When her batteries were depleted, Gottwald would need to find a place to plug in. Cake previously worked with Goal Zero to create a packable solar charger that it offered to rangers in South Africa, but Gottwald decided against it. “I would have had to carry too much, and it would have taken too long,” she says. “So I really had to find places with electricity.”
Those places included hotels, where Gottwald would stop and charge overnight, as well as daytime pit-stops that would see her plug in for three hours to top up both batteries. Oftentimes, she’d stop and use a generator in a remote village, where the locals would often let her plug in her batteries free of charge.
Proving the Impossible is Possible
The other issues that came with running an electric motorcycle weren’t as expected. For example, Gottwald’s Cake was an eye-catcher that grabbed the attention of the locals in towns and villages that she passed through. While on the whole most of these encounters were nice, it wasn’t the kind of attention the German was used to.
“The interest in the bike was so big that wherever I stopped, I had so many people just gathering around me,” says Gottwald. “That was also kind of difficult or dangerous in some places.
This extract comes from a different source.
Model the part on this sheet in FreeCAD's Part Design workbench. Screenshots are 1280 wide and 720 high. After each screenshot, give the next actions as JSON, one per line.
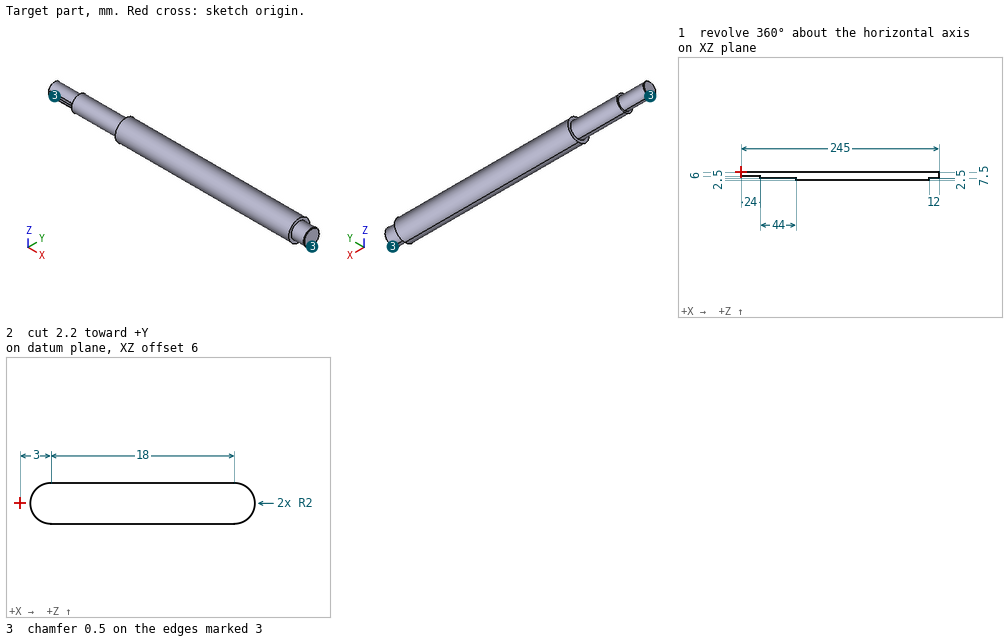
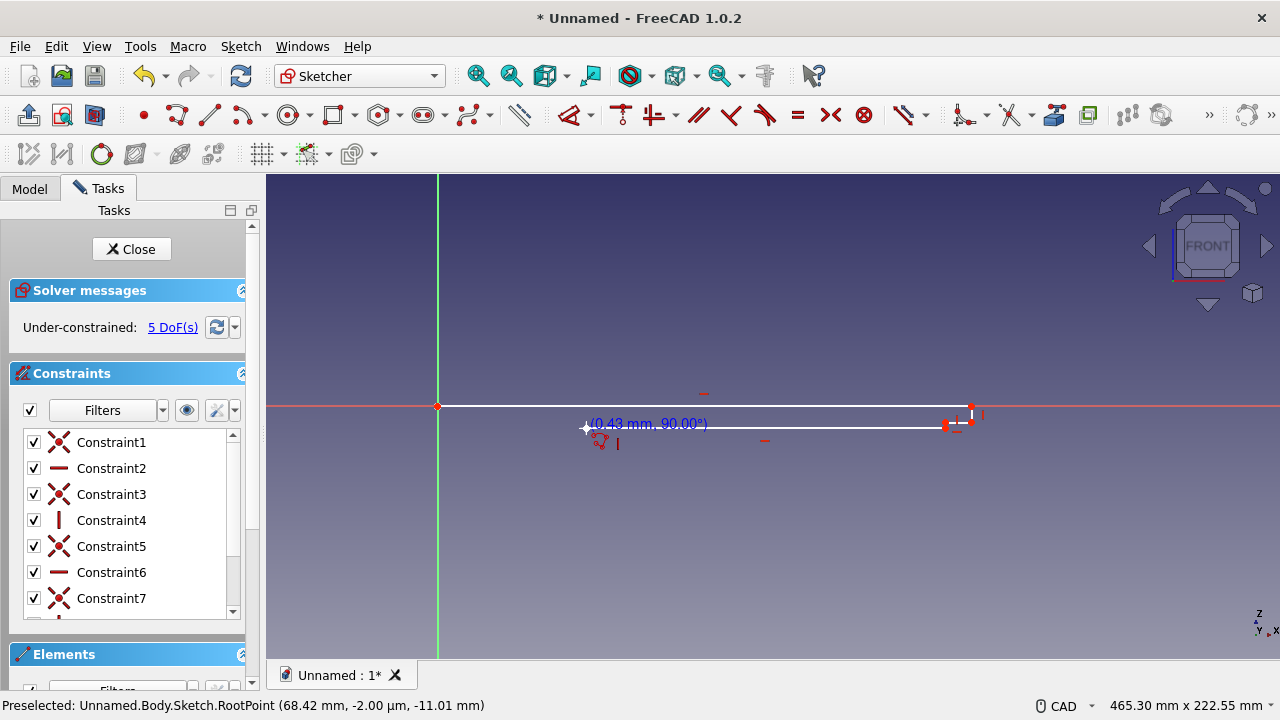
{"action": "scroll", "coordinate": [586, 422], "scroll_direction": "up", "scroll_amount": 6}

Because, if there’s too many people, there is the possibility of things escalating.” She explained that the draw of the electric bike was so fierce, at times she had to make sure she didn’t end up in the middle of a fight as people jostled around her “yelling and getting physical.”
One thing Gottwald didn’t have to worry about: Maintenance. Across the 8,000-mile journey, the only hitch she encountered was a burned-out fuse in Morocco. Other than that, Gottwalt told Jalopnik, the only tinkering the bike required was the occasional greasing and adjusting of the chain.
The sun is setting on outdate views of EVs. Photo: Sinje Gottwald/Cake
Gottwald finally finished her trip in South Africa on February 15th, 2023, after 124 days on the road. In the process, she became the first person to cross Africa on an electric motorcycle, and set a record for the longest trip covered on a battery-powered bike.
“I wanted to see for myself if the impossible is possible,” says Gottwald. “Before I left, almost everyone said I wouldn’t be successful. They said it is not possible at this point. I know that it did change people’s perspective, and even though I realized that electric bikes are not there yet fully, I hope that at least some people’s ideas will change and they will open up a little bit towards electric motorcycles.”